» **Activity**:
The word "units" marks the lines to report; pull each of them from the listing.

» **Data to use**:
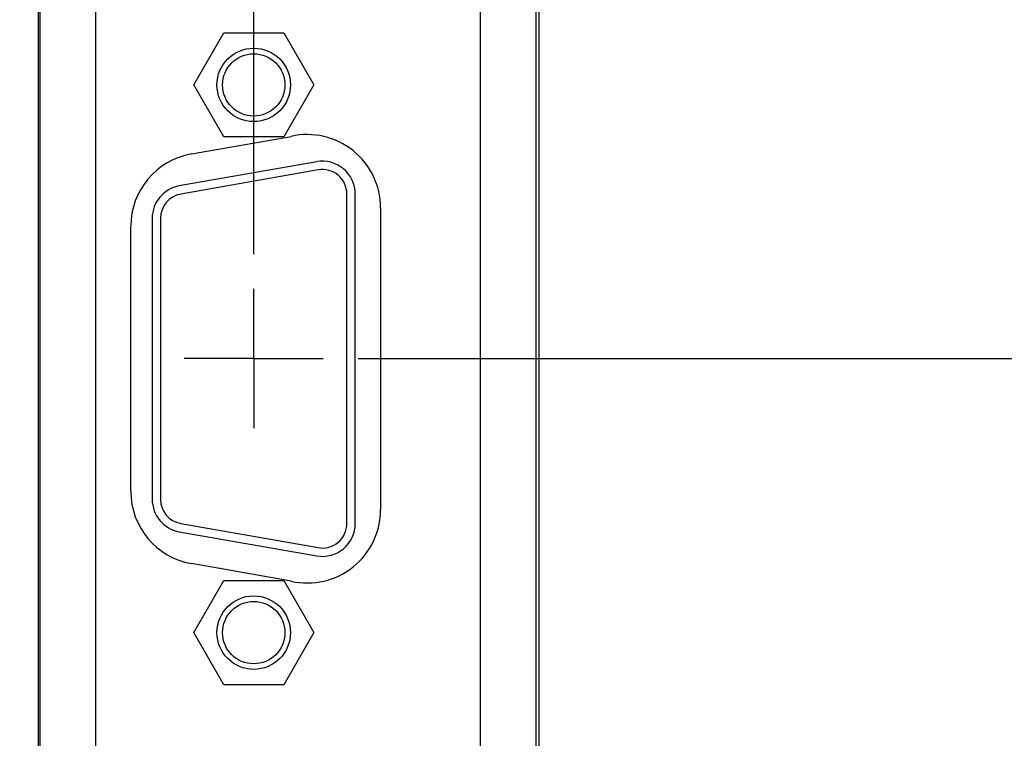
# Model space of a CAD drawing. Header units: inches. Extents: x 0 to 22, y 0 to 17.
# Tile 25 of 39: x 15.5 to 17.3, y 7.7 to 9. Entities that reach past the tile are written whole.
import ezdxf

# ---------------------------------------------------------------- set-up
doc = ezdxf.new("R2010")
doc.units = ezdxf.units.IN
doc.header["$LTSCALE"] = 1.21
doc.header["$MEASUREMENT"] = 0
doc.linetypes.add('CENTER', pattern=[0.6, 0.375, -0.075, 0.075, -0.075])
doc.layers.get('0').update_dxf_attribs({"linetype": 'CONTINUOUS'})
doc.layers.add('02___PRT_ALL_AXES', color=7, linetype='CONTINUOUS')
doc.layers.add('DIMENSIONS', color=7, linetype='CONTINUOUS')
doc.styles.get("Standard").update_dxf_attribs({"font": 'txt', "width": 0.8})
doc.dimstyles.new('DIMSTYLE_1', dxfattribs={"dimtxt": 0.125, "dimasz": 0.18, "dimexe": 0.18, "dimexo": 0.0625, "dimgap": 0.09, "dimtad": 0, "dimtih": 1, "dimtoh": 1, "dimdec": 3, "dimzin": 4, "dimdsep": 46, "dimtxsty": 'STANDARD', "dimblk": '_FILLED', "dimblk1": '_FILLED', "dimblk2": '_FILLED', "dimcen": 0.09, "dimadec": 0, "dimazin": 0, "dimtp": 0.01, "dimtm": 0.01, "dimtfac": 1, "dimtdec": 3, "dimtofl": 0, "dimtmove": 0, "dimatfit": 3, "dimldrblk": '_FILLED', "dimfxl": 1, "dimtolj": 1, "dimtzin": 4, "dimarcsym": 0})

# ---------------------------------------------------------------- blocks, each defined once
blk = doc.blocks.new('_FILLED')
at = {"color": 0, "linetype": 'BYBLOCK'}
blk.add_solid([(0, 0), (-1, 0.1736), (-1, -0.1736)], dxfattribs=at)
blk = doc.blocks.new('*D3')
at = {"layer": 'DIMENSIONS', "color": 2, "linetype": 'CONTINUOUS'}
for p, q in [((16.1166, 8.412), (18.067, 8.412)), ((17.942, 8.412), (17.942, 7.7383)), ((17.942, 6.0949), (17.942, 7.4883)), ((16.4045, 6.0949), (18.067, 6.0949))]:
    blk.add_line(p, q, dxfattribs=at)
at = {"layer": 'DIMENSIONS', "color": 2, "linetype": 'CONTINUOUS', "xscale": 0.18, "yscale": 0.18, "zscale": 0.18}
for p, rotation in [((17.942, 8.412), 90), ((17.942, 6.0949), 270)]:
    blk.add_blockref('_FILLED', p, dxfattribs=dict(at, rotation=rotation))
at = {"layer": 'DIMENSIONS', "color": 2, "linetype": 'CONTINUOUS', "insert": (17.942, 7.6758), "char_height": 0.125, "width": 1.325, "attachment_point": 2, "line_spacing_factor": 0.9}
blk.add_mtext('2.317{\\Ftxt.shx;\\W1.000000;\\H0.125000; }[58.85]', dxfattribs=at)
blk = doc.blocks.new('*D4')
at = {"layer": 'DIMENSIONS', "color": 2, "linetype": 'CONTINUOUS'}
for p, q in [((15.5795, 9.5639), (14.667, 9.5639)), ((14.792, 9.5639), (14.792, 7.9544)), ((14.792, 6.0949), (14.792, 7.7044)), ((15.5795, 6.0949), (14.667, 6.0949))]:
    blk.add_line(p, q, dxfattribs=at)
at = {"layer": 'DIMENSIONS', "color": 2, "linetype": 'CONTINUOUS', "xscale": 0.18, "yscale": 0.18, "zscale": 0.18}
for p, rotation in [((14.792, 9.5639), 90), ((14.792, 6.0949), 270)]:
    blk.add_blockref('_FILLED', p, dxfattribs=dict(at, rotation=rotation))
at = {"layer": 'DIMENSIONS', "color": 2, "linetype": 'CONTINUOUS', "insert": (14.792, 7.8919), "char_height": 0.125, "width": 1.325, "attachment_point": 2, "line_spacing_factor": 0.9}
blk.add_mtext('3.469{\\Ftxt.shx;\\W1.000000;\\H0.125000; }[88.11]', dxfattribs=at)
blk = doc.blocks.new('*D5')
at = {"layer": 'DIMENSIONS', "color": 2, "linetype": 'CONTINUOUS'}
for p, q in [((15.542, 9.5227), (15.542, 10.0941)), ((15.9291, 8.5995), (15.9291, 10.0941)), ((15.542, 9.9691), (15.1132, 9.9691)), ((15.9291, 9.9691), (16.2891, 9.9691))]:
    blk.add_line(p, q, dxfattribs=at)
at = {"layer": 'DIMENSIONS', "color": 2, "linetype": 'CONTINUOUS', "xscale": 0.18, "yscale": 0.18, "zscale": 0.18}
blk.add_blockref('_FILLED', (15.542, 9.9691), dxfattribs=at)
at = {"layer": 'DIMENSIONS', "color": 2, "linetype": 'CONTINUOUS', "xscale": 0.18, "yscale": 0.18, "zscale": 0.18, "rotation": 180}
blk.add_blockref('_FILLED', (15.9291, 9.9691), dxfattribs=at)
at = {"layer": 'DIMENSIONS', "color": 2, "linetype": 'CONTINUOUS', "insert": (15.0507, 10.0316), "char_height": 0.125, "width": 1.125, "attachment_point": 3, "line_spacing_factor": 0.9}
blk.add_mtext('.387{\\Ftxt.shx;\\W1.000000;\\H0.125000; }[9.83]', dxfattribs=at)

msp = doc.modelspace()

# ---------------------------------------------------------------- linework, layer by layer
at = {"color": 7, "linetype": 'CONTINUOUS'}
for p, q in [((15.542, 6.1949), (15.542, 9.4639)), ((16.442, 6.1949), (16.442, 9.4639)), ((15.5445, 9.4189), (15.5445, 6.2399)), ((15.6445, 9.4189), (15.6445, 6.2399)), ((16.336, 9.4189), (16.336, 6.2399)), ((16.436, 9.4189), (16.436, 6.2399)), ((15.8212, 8.9035), (15.8751, 8.997)), ((15.8751, 8.997), (15.9831, 8.997)), ((15.9831, 8.997), (16.0371, 8.9035)), ((15.8751, 8.81), (15.8212, 8.9035)), ((16.0371, 8.9035), (15.9831, 8.81)), ((15.8172, 8.7795), (15.9964, 8.8111)), ((15.9831, 8.81), (15.8751, 8.81)), ((16.0424, 8.7656), (15.7954, 8.722)), ((16.045, 8.7508), (15.798, 8.7073)), ((16.0966, 8.1155), (16.0966, 8.7075)), ((16.1116, 8.1155), (16.1116, 8.7075)), ((16.1571, 8.6825), (16.1571, 8.1405)), ((15.7466, 8.6639), (15.7466, 8.159)), ((15.7616, 8.6639), (15.7616, 8.159)), ((15.7081, 8.1735), (15.7081, 8.6495)), ((15.798, 8.1157), (16.045, 8.0722)), ((15.7954, 8.1009), (16.0424, 8.0574)), ((15.9964, 8.0119), (15.8172, 8.0435)), ((15.8212, 7.9195), (15.8751, 8.013)), ((15.8751, 8.013), (15.9831, 8.013)), ((15.9831, 8.013), (16.0371, 7.9195)), ((15.8751, 7.826), (15.8212, 7.9195)), ((16.0371, 7.9195), (15.9831, 7.826)), ((15.9831, 7.826), (15.8751, 7.826))]:
    msp.add_line(p, q, dxfattribs=at)
for centre, radius in [((15.9291, 8.9035), 0.066), ((15.9291, 8.9035), 0.056), ((15.9291, 7.9195), 0.066), ((15.9291, 7.9195), 0.056)]:
    msp.add_circle(centre, radius, dxfattribs=at)
for centre, radius, start, end in [((16.0253, 8.6825), 0.1318, 0, 102.6589), ((15.8401, 8.6495), 0.132, 100, 180), ((16.0526, 8.7075), 0.059, 0, 100), ((16.0526, 8.7075), 0.044, 0, 100), ((15.8056, 8.6639), 0.059, 100, 180), ((15.8056, 8.6639), 0.044, 100, 180), ((15.8401, 8.1735), 0.132, 180, 260), ((15.8056, 8.159), 0.059, 180, 260), ((15.8056, 8.159), 0.044, 180, 260), ((16.0253, 8.1405), 0.1318, 257.3411, 360), ((16.0526, 8.1155), 0.059, 260, 360), ((16.0526, 8.1155), 0.044, 260, 360)]:
    msp.add_arc(centre, radius, start, end, dxfattribs=at)
at = {"layer": '02___PRT_ALL_AXES', "color": 7, "linetype": 'CENTER'}
for q in [(15.9291, 8.537), (15.8041, 8.412), (15.9291, 8.287), (16.0541, 8.412)]:
    msp.add_line((15.9291, 8.412), q, dxfattribs=at)

# ---------------------------------------------------------------- dimensions: what is measured, and where the dimension line sits
at = {"layer": 'DIMENSIONS', "color": 2, "linetype": 'CONTINUOUS'}
for base, p1, p2, angle, picture, middle in [((15.542, 9.9691), (15.9291, 8.5995), (15.542, 9.5227), 180, '*D5', (14.2382, 9.9691)), ((14.792, 9.5639), (15.5795, 6.0949), (15.5795, 9.5639), 90, '*D4', (14.642, 7.8294)), ((17.942, 8.412), (16.4045, 6.0949), (16.1166, 8.412), 90, '*D3', (17.792, 7.6133))]:
    dim = msp.add_linear_dim(base=base, p1=p1, p2=p2, angle=angle, dimstyle='DIMSTYLE_1', dxfattribs=at)
    dim.commit()
    dim.dimension.update_dxf_attribs({"geometry": picture, "text_midpoint": middle, "dimtype": 160})

doc.saveas('drawing.dxf')

» **Written response**:
# Model space of a CAD drawing. Header units: inches. Extents: x 0 to 22, y 0 to 17.
doc.units = ezdxf.units.IN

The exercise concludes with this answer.